Samsung poszerzył program samodzielnej naprawy na 9 rynków europejskich, w tym na Polskę. Umożliwia on użytkownikom reparację smartfonów z serii Galaxy S20, S21 i S22. Koncern pozwolił tym samym na dostęp do oryginalnych narzędzi, części zamiennych, jak też instrukcji naprawy. Uzasadnia, że celem jest wydłużenie cyklu życia urządzeń.

Użytkownicy mogą wymienić wyświetlacz, tylne szkło i porty ładowania oraz zachować narzędzia, by z nich skorzystać w razie potrzeby.

Przykładowy koszt to ok. 1,4 tys. zł za wyświetlacz do S22 i ok. 130 zł za narzędzia.

Na polskim rynku w ramach programu Samsung współpracuje z AWSO, niemieckim specjalistą od obsługi posprzedażnej i elektroniki w Europie, który jest autoryzowanym dystrybutorem Samsunga i zapewnia dostępność części. ASWO zaopatruje 36 krajów.

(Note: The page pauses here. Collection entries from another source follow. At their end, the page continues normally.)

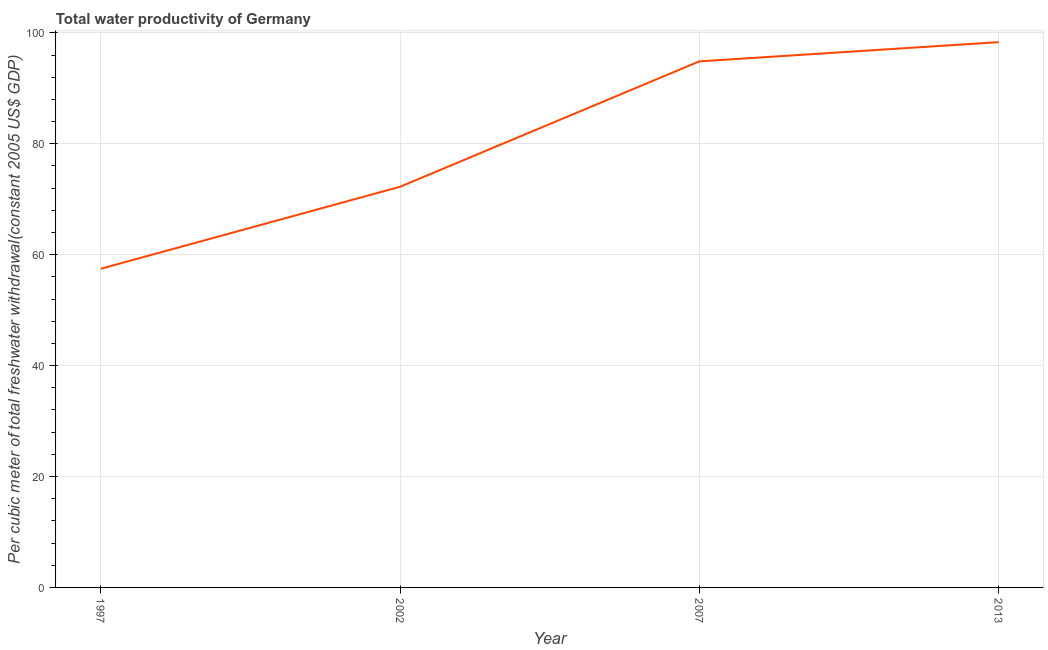What is the total water productivity in 2002?
Offer a terse response. 72.25. Across all years, what is the maximum total water productivity?
Ensure brevity in your answer.  98.33. Across all years, what is the minimum total water productivity?
Your response must be concise. 57.46. In which year was the total water productivity maximum?
Your answer should be compact. 2013. What is the sum of the total water productivity?
Your response must be concise. 322.9. What is the difference between the total water productivity in 1997 and 2002?
Your response must be concise. -14.79. What is the average total water productivity per year?
Your answer should be compact. 80.73. What is the median total water productivity?
Provide a short and direct response. 83.56. In how many years, is the total water productivity greater than 72 US$?
Give a very brief answer. 3. Do a majority of the years between 1997 and 2007 (inclusive) have total water productivity greater than 8 US$?
Offer a terse response. Yes. What is the ratio of the total water productivity in 1997 to that in 2007?
Provide a short and direct response. 0.61. Is the difference between the total water productivity in 2002 and 2007 greater than the difference between any two years?
Make the answer very short. No. What is the difference between the highest and the second highest total water productivity?
Your answer should be compact. 3.47. What is the difference between the highest and the lowest total water productivity?
Your answer should be compact. 40.87. In how many years, is the total water productivity greater than the average total water productivity taken over all years?
Offer a very short reply. 2. Does the total water productivity monotonically increase over the years?
Provide a succinct answer. Yes. How many years are there in the graph?
Offer a terse response. 4. Are the values on the major ticks of Y-axis written in scientific E-notation?
Offer a very short reply. No. Does the graph contain any zero values?
Offer a very short reply. No. What is the title of the graph?
Give a very brief answer. Total water productivity of Germany. What is the label or title of the Y-axis?
Offer a terse response. Per cubic meter of total freshwater withdrawal(constant 2005 US$ GDP). What is the Per cubic meter of total freshwater withdrawal(constant 2005 US$ GDP) in 1997?
Keep it short and to the point. 57.46. What is the Per cubic meter of total freshwater withdrawal(constant 2005 US$ GDP) in 2002?
Provide a short and direct response. 72.25. What is the Per cubic meter of total freshwater withdrawal(constant 2005 US$ GDP) in 2007?
Your answer should be very brief. 94.86. What is the Per cubic meter of total freshwater withdrawal(constant 2005 US$ GDP) of 2013?
Offer a terse response. 98.33. What is the difference between the Per cubic meter of total freshwater withdrawal(constant 2005 US$ GDP) in 1997 and 2002?
Ensure brevity in your answer.  -14.79. What is the difference between the Per cubic meter of total freshwater withdrawal(constant 2005 US$ GDP) in 1997 and 2007?
Make the answer very short. -37.4. What is the difference between the Per cubic meter of total freshwater withdrawal(constant 2005 US$ GDP) in 1997 and 2013?
Provide a succinct answer. -40.87. What is the difference between the Per cubic meter of total freshwater withdrawal(constant 2005 US$ GDP) in 2002 and 2007?
Provide a succinct answer. -22.61. What is the difference between the Per cubic meter of total freshwater withdrawal(constant 2005 US$ GDP) in 2002 and 2013?
Make the answer very short. -26.08. What is the difference between the Per cubic meter of total freshwater withdrawal(constant 2005 US$ GDP) in 2007 and 2013?
Keep it short and to the point. -3.47. What is the ratio of the Per cubic meter of total freshwater withdrawal(constant 2005 US$ GDP) in 1997 to that in 2002?
Offer a terse response. 0.8. What is the ratio of the Per cubic meter of total freshwater withdrawal(constant 2005 US$ GDP) in 1997 to that in 2007?
Make the answer very short. 0.61. What is the ratio of the Per cubic meter of total freshwater withdrawal(constant 2005 US$ GDP) in 1997 to that in 2013?
Make the answer very short. 0.58. What is the ratio of the Per cubic meter of total freshwater withdrawal(constant 2005 US$ GDP) in 2002 to that in 2007?
Your answer should be very brief. 0.76. What is the ratio of the Per cubic meter of total freshwater withdrawal(constant 2005 US$ GDP) in 2002 to that in 2013?
Offer a very short reply. 0.73. What is the ratio of the Per cubic meter of total freshwater withdrawal(constant 2005 US$ GDP) in 2007 to that in 2013?
Provide a short and direct response. 0.96. 
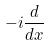Convert formula to latex. <formula><loc_0><loc_0><loc_500><loc_500>- i \frac { d } { d x }</formula> 
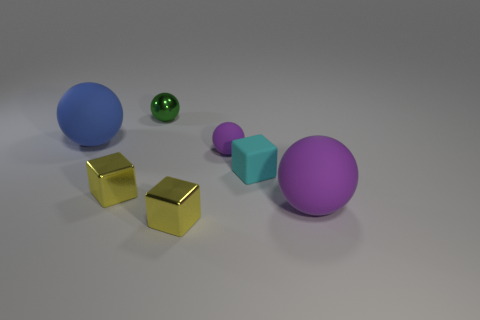Is the material of the tiny green sphere the same as the big purple ball right of the small purple ball?
Make the answer very short. No. Is the number of cyan things less than the number of purple balls?
Provide a succinct answer. Yes. Is there any other thing that has the same color as the tiny shiny sphere?
Ensure brevity in your answer.  No. The large purple object that is made of the same material as the small purple object is what shape?
Offer a terse response. Sphere. There is a tiny yellow metallic block behind the small yellow cube that is to the right of the tiny green metal ball; how many tiny cyan matte things are on the left side of it?
Ensure brevity in your answer.  0. What is the shape of the rubber object that is on the right side of the small purple rubber sphere and on the left side of the large purple ball?
Offer a very short reply. Cube. Are there fewer blue spheres on the right side of the green shiny object than large blue matte balls?
Provide a succinct answer. Yes. How many small objects are either rubber spheres or blue things?
Give a very brief answer. 1. The cyan cube has what size?
Provide a short and direct response. Small. How many large rubber things are behind the small cyan block?
Make the answer very short. 1. 
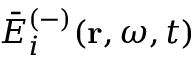<formula> <loc_0><loc_0><loc_500><loc_500>\bar { E } _ { i } ^ { ( - ) } ( r , \omega , t )</formula> 
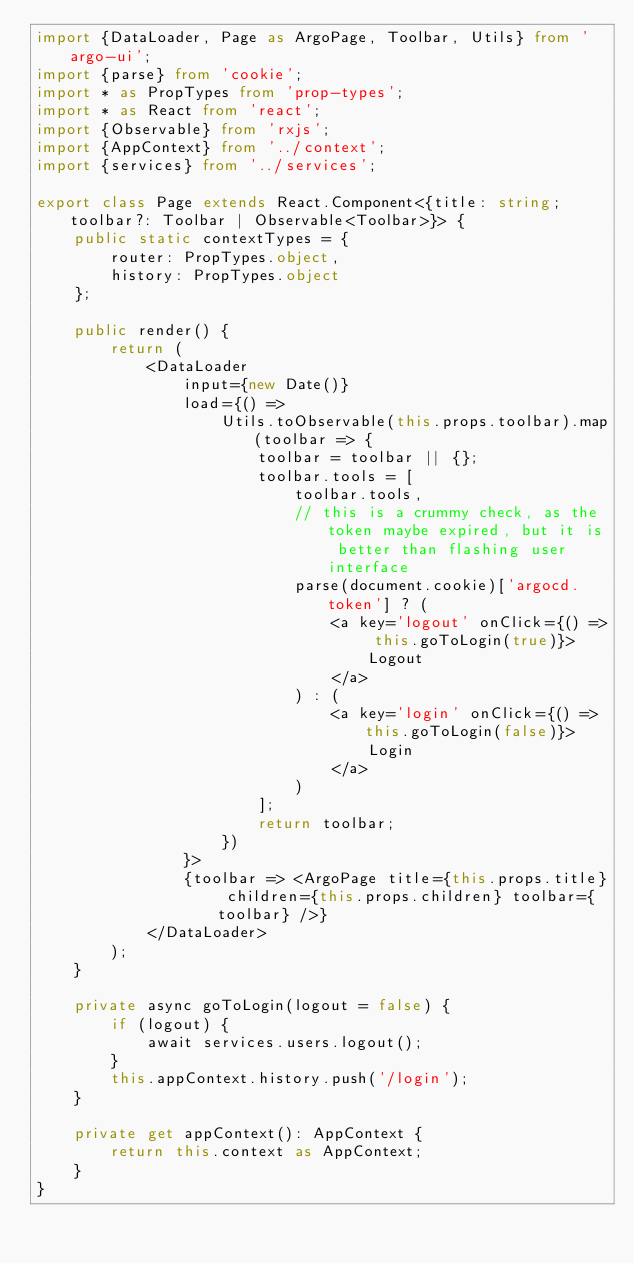<code> <loc_0><loc_0><loc_500><loc_500><_TypeScript_>import {DataLoader, Page as ArgoPage, Toolbar, Utils} from 'argo-ui';
import {parse} from 'cookie';
import * as PropTypes from 'prop-types';
import * as React from 'react';
import {Observable} from 'rxjs';
import {AppContext} from '../context';
import {services} from '../services';

export class Page extends React.Component<{title: string; toolbar?: Toolbar | Observable<Toolbar>}> {
    public static contextTypes = {
        router: PropTypes.object,
        history: PropTypes.object
    };

    public render() {
        return (
            <DataLoader
                input={new Date()}
                load={() =>
                    Utils.toObservable(this.props.toolbar).map(toolbar => {
                        toolbar = toolbar || {};
                        toolbar.tools = [
                            toolbar.tools,
                            // this is a crummy check, as the token maybe expired, but it is better than flashing user interface
                            parse(document.cookie)['argocd.token'] ? (
                                <a key='logout' onClick={() => this.goToLogin(true)}>
                                    Logout
                                </a>
                            ) : (
                                <a key='login' onClick={() => this.goToLogin(false)}>
                                    Login
                                </a>
                            )
                        ];
                        return toolbar;
                    })
                }>
                {toolbar => <ArgoPage title={this.props.title} children={this.props.children} toolbar={toolbar} />}
            </DataLoader>
        );
    }

    private async goToLogin(logout = false) {
        if (logout) {
            await services.users.logout();
        }
        this.appContext.history.push('/login');
    }

    private get appContext(): AppContext {
        return this.context as AppContext;
    }
}
</code>

Klient może kupić takie elementy telefonu jak wyświetlacz, metalowa oprawa, ramki i bateria. Nie jest zalecana samodzielna wymiana “spuchniętego” akumulatora. Producent radzi złożyć w tym celu wizytę w punkcie profesjonalnej naprawy sprzętu Samsunga.

Samsung wchodzi na polski rynek z programem samodzielnej naprawy po Apple’u, który w ub.r. umożliwił użytkownikom nad Wisłą naprawę iPhone’ów i Mac’ów na własną rękę.